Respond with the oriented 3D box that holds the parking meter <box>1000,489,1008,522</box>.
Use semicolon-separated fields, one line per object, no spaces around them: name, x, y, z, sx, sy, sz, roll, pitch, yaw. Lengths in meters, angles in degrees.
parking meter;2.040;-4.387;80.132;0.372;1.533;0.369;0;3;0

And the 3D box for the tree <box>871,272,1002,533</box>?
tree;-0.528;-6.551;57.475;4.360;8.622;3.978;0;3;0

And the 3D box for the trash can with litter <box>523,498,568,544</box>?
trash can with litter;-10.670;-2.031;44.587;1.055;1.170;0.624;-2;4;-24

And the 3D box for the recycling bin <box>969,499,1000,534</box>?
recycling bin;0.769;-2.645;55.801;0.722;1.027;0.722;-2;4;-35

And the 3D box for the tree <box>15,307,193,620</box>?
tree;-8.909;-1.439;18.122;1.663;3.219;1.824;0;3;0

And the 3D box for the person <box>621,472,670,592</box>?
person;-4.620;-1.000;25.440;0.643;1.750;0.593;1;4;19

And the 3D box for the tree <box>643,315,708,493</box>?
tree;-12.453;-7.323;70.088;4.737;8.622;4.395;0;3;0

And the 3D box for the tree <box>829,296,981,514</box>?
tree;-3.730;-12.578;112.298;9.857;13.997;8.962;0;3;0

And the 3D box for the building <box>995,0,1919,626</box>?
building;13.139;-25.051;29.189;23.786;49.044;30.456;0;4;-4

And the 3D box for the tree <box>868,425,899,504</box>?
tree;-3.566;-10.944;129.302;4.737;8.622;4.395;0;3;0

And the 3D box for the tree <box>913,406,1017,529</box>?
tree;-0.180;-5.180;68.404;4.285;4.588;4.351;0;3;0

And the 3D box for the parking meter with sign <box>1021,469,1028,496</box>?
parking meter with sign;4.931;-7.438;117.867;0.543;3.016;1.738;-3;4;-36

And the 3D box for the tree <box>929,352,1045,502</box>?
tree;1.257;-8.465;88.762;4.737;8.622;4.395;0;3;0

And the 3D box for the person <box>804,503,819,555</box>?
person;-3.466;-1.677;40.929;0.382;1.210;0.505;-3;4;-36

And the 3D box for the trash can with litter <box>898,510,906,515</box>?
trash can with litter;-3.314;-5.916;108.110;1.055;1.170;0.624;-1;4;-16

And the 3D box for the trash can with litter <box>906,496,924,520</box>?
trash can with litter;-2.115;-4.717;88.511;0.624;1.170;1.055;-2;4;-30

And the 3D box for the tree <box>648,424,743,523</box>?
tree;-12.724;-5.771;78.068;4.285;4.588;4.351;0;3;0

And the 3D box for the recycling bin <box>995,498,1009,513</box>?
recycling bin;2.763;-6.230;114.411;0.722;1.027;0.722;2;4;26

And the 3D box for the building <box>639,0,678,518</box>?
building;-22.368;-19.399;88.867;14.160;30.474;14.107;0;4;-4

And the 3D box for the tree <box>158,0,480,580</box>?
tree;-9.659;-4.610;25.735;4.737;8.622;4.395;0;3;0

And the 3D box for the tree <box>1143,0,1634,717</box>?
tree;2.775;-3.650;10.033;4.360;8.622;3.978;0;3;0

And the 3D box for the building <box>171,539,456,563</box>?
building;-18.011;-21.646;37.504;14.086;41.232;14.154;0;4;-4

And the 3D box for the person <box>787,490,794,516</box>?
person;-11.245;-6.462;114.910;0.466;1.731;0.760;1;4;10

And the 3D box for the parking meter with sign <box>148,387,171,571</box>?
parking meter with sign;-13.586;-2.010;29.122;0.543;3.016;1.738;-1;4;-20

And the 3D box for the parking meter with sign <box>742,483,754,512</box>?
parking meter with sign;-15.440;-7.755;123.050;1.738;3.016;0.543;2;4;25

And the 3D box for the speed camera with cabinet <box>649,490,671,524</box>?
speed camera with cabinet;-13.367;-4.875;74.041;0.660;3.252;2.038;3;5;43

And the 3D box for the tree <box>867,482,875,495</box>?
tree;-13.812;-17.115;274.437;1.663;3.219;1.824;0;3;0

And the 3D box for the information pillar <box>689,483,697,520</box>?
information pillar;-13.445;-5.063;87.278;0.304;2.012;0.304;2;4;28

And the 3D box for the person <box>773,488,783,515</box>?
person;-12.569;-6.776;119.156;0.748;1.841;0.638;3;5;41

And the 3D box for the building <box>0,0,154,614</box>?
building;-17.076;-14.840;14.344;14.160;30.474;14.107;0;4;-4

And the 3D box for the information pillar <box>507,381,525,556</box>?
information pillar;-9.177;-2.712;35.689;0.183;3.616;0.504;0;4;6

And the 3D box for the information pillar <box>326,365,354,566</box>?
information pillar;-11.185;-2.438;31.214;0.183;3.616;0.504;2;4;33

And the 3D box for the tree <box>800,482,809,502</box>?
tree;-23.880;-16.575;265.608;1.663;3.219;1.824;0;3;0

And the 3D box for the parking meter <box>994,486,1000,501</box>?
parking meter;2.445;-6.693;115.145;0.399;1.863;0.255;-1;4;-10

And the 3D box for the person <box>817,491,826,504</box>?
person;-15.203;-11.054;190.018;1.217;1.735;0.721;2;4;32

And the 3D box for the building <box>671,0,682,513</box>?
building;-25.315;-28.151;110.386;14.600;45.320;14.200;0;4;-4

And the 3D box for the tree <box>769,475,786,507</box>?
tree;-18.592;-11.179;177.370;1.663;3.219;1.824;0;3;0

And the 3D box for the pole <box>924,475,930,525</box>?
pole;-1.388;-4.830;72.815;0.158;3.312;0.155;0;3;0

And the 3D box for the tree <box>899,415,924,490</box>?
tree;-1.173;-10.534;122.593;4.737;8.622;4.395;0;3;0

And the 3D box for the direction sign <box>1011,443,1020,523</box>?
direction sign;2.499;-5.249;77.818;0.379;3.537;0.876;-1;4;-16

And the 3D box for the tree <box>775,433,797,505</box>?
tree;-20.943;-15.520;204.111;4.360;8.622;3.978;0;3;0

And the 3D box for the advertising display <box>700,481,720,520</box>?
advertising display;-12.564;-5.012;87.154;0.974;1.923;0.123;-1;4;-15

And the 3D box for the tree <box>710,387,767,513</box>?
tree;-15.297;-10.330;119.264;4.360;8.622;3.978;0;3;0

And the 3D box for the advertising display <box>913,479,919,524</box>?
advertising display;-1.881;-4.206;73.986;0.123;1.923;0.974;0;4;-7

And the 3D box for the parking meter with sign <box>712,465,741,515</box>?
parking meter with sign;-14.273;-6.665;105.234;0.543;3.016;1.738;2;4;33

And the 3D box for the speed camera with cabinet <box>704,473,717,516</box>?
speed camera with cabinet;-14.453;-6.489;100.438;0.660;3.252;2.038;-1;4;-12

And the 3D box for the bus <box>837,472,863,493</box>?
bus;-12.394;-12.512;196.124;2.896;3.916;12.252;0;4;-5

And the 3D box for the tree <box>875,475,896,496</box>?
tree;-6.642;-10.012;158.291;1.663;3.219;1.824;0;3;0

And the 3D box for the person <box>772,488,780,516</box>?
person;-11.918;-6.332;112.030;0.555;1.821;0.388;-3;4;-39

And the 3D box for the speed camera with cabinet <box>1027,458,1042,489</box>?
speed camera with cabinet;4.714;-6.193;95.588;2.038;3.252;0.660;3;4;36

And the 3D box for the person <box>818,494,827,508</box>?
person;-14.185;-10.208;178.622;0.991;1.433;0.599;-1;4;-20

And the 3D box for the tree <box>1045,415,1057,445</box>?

# [TASK TO COMPLETE]
Your reply should contain each entry, copied without alteration.

# [OUTPUT OF THE TASK]
Respond with the oriented 3D box that holds the parking meter <box>1000,489,1008,522</box>.
Use semicolon-separated fields, one line per object, no spaces around them: name, x, y, z, sx, sy, sz, roll, pitch, yaw. Lengths in meters, angles in degrees.
parking meter;2.040;-4.387;80.132;0.372;1.533;0.369;0;3;0

And the 3D box for the tree <box>871,272,1002,533</box>?
tree;-0.528;-6.551;57.475;4.360;8.622;3.978;0;3;0

And the 3D box for the trash can with litter <box>523,498,568,544</box>?
trash can with litter;-10.670;-2.031;44.587;1.055;1.170;0.624;-2;4;-24

And the 3D box for the recycling bin <box>969,499,1000,534</box>?
recycling bin;0.769;-2.645;55.801;0.722;1.027;0.722;-2;4;-35

And the 3D box for the tree <box>15,307,193,620</box>?
tree;-8.909;-1.439;18.122;1.663;3.219;1.824;0;3;0

And the 3D box for the person <box>621,472,670,592</box>?
person;-4.620;-1.000;25.440;0.643;1.750;0.593;1;4;19

And the 3D box for the tree <box>643,315,708,493</box>?
tree;-12.453;-7.323;70.088;4.737;8.622;4.395;0;3;0

And the 3D box for the tree <box>829,296,981,514</box>?
tree;-3.730;-12.578;112.298;9.857;13.997;8.962;0;3;0

And the 3D box for the building <box>995,0,1919,626</box>?
building;13.139;-25.051;29.189;23.786;49.044;30.456;0;4;-4

And the 3D box for the tree <box>868,425,899,504</box>?
tree;-3.566;-10.944;129.302;4.737;8.622;4.395;0;3;0

And the 3D box for the tree <box>913,406,1017,529</box>?
tree;-0.180;-5.180;68.404;4.285;4.588;4.351;0;3;0

And the 3D box for the parking meter with sign <box>1021,469,1028,496</box>?
parking meter with sign;4.931;-7.438;117.867;0.543;3.016;1.738;-3;4;-36

And the 3D box for the tree <box>929,352,1045,502</box>?
tree;1.257;-8.465;88.762;4.737;8.622;4.395;0;3;0

And the 3D box for the person <box>804,503,819,555</box>?
person;-3.466;-1.677;40.929;0.382;1.210;0.505;-3;4;-36

And the 3D box for the trash can with litter <box>898,510,906,515</box>?
trash can with litter;-3.314;-5.916;108.110;1.055;1.170;0.624;-1;4;-16

And the 3D box for the trash can with litter <box>906,496,924,520</box>?
trash can with litter;-2.115;-4.717;88.511;0.624;1.170;1.055;-2;4;-30

And the 3D box for the tree <box>648,424,743,523</box>?
tree;-12.724;-5.771;78.068;4.285;4.588;4.351;0;3;0

And the 3D box for the recycling bin <box>995,498,1009,513</box>?
recycling bin;2.763;-6.230;114.411;0.722;1.027;0.722;2;4;26

And the 3D box for the building <box>639,0,678,518</box>?
building;-22.368;-19.399;88.867;14.160;30.474;14.107;0;4;-4

And the 3D box for the tree <box>158,0,480,580</box>?
tree;-9.659;-4.610;25.735;4.737;8.622;4.395;0;3;0

And the 3D box for the tree <box>1143,0,1634,717</box>?
tree;2.775;-3.650;10.033;4.360;8.622;3.978;0;3;0

And the 3D box for the building <box>171,539,456,563</box>?
building;-18.011;-21.646;37.504;14.086;41.232;14.154;0;4;-4

And the 3D box for the person <box>787,490,794,516</box>?
person;-11.245;-6.462;114.910;0.466;1.731;0.760;1;4;10

And the 3D box for the parking meter with sign <box>148,387,171,571</box>?
parking meter with sign;-13.586;-2.010;29.122;0.543;3.016;1.738;-1;4;-20

And the 3D box for the parking meter with sign <box>742,483,754,512</box>?
parking meter with sign;-15.440;-7.755;123.050;1.738;3.016;0.543;2;4;25

And the 3D box for the speed camera with cabinet <box>649,490,671,524</box>?
speed camera with cabinet;-13.367;-4.875;74.041;0.660;3.252;2.038;3;5;43

And the 3D box for the tree <box>867,482,875,495</box>?
tree;-13.812;-17.115;274.437;1.663;3.219;1.824;0;3;0

And the 3D box for the information pillar <box>689,483,697,520</box>?
information pillar;-13.445;-5.063;87.278;0.304;2.012;0.304;2;4;28

And the 3D box for the person <box>773,488,783,515</box>?
person;-12.569;-6.776;119.156;0.748;1.841;0.638;3;5;41

And the 3D box for the building <box>0,0,154,614</box>?
building;-17.076;-14.840;14.344;14.160;30.474;14.107;0;4;-4

And the 3D box for the information pillar <box>507,381,525,556</box>?
information pillar;-9.177;-2.712;35.689;0.183;3.616;0.504;0;4;6

And the 3D box for the information pillar <box>326,365,354,566</box>?
information pillar;-11.185;-2.438;31.214;0.183;3.616;0.504;2;4;33

And the 3D box for the tree <box>800,482,809,502</box>?
tree;-23.880;-16.575;265.608;1.663;3.219;1.824;0;3;0

And the 3D box for the parking meter <box>994,486,1000,501</box>?
parking meter;2.445;-6.693;115.145;0.399;1.863;0.255;-1;4;-10

And the 3D box for the person <box>817,491,826,504</box>?
person;-15.203;-11.054;190.018;1.217;1.735;0.721;2;4;32

And the 3D box for the building <box>671,0,682,513</box>?
building;-25.315;-28.151;110.386;14.600;45.320;14.200;0;4;-4

And the 3D box for the tree <box>769,475,786,507</box>?
tree;-18.592;-11.179;177.370;1.663;3.219;1.824;0;3;0

And the 3D box for the pole <box>924,475,930,525</box>?
pole;-1.388;-4.830;72.815;0.158;3.312;0.155;0;3;0

And the 3D box for the tree <box>899,415,924,490</box>?
tree;-1.173;-10.534;122.593;4.737;8.622;4.395;0;3;0

And the 3D box for the direction sign <box>1011,443,1020,523</box>?
direction sign;2.499;-5.249;77.818;0.379;3.537;0.876;-1;4;-16

And the 3D box for the tree <box>775,433,797,505</box>?
tree;-20.943;-15.520;204.111;4.360;8.622;3.978;0;3;0

And the 3D box for the advertising display <box>700,481,720,520</box>?
advertising display;-12.564;-5.012;87.154;0.974;1.923;0.123;-1;4;-15

And the 3D box for the tree <box>710,387,767,513</box>?
tree;-15.297;-10.330;119.264;4.360;8.622;3.978;0;3;0

And the 3D box for the advertising display <box>913,479,919,524</box>?
advertising display;-1.881;-4.206;73.986;0.123;1.923;0.974;0;4;-7

And the 3D box for the parking meter with sign <box>712,465,741,515</box>?
parking meter with sign;-14.273;-6.665;105.234;0.543;3.016;1.738;2;4;33

And the 3D box for the speed camera with cabinet <box>704,473,717,516</box>?
speed camera with cabinet;-14.453;-6.489;100.438;0.660;3.252;2.038;-1;4;-12

And the 3D box for the bus <box>837,472,863,493</box>?
bus;-12.394;-12.512;196.124;2.896;3.916;12.252;0;4;-5

And the 3D box for the tree <box>875,475,896,496</box>?
tree;-6.642;-10.012;158.291;1.663;3.219;1.824;0;3;0

And the 3D box for the person <box>772,488,780,516</box>?
person;-11.918;-6.332;112.030;0.555;1.821;0.388;-3;4;-39

And the 3D box for the speed camera with cabinet <box>1027,458,1042,489</box>?
speed camera with cabinet;4.714;-6.193;95.588;2.038;3.252;0.660;3;4;36

And the 3D box for the person <box>818,494,827,508</box>?
person;-14.185;-10.208;178.622;0.991;1.433;0.599;-1;4;-20

And the 3D box for the tree <box>1045,415,1057,445</box>?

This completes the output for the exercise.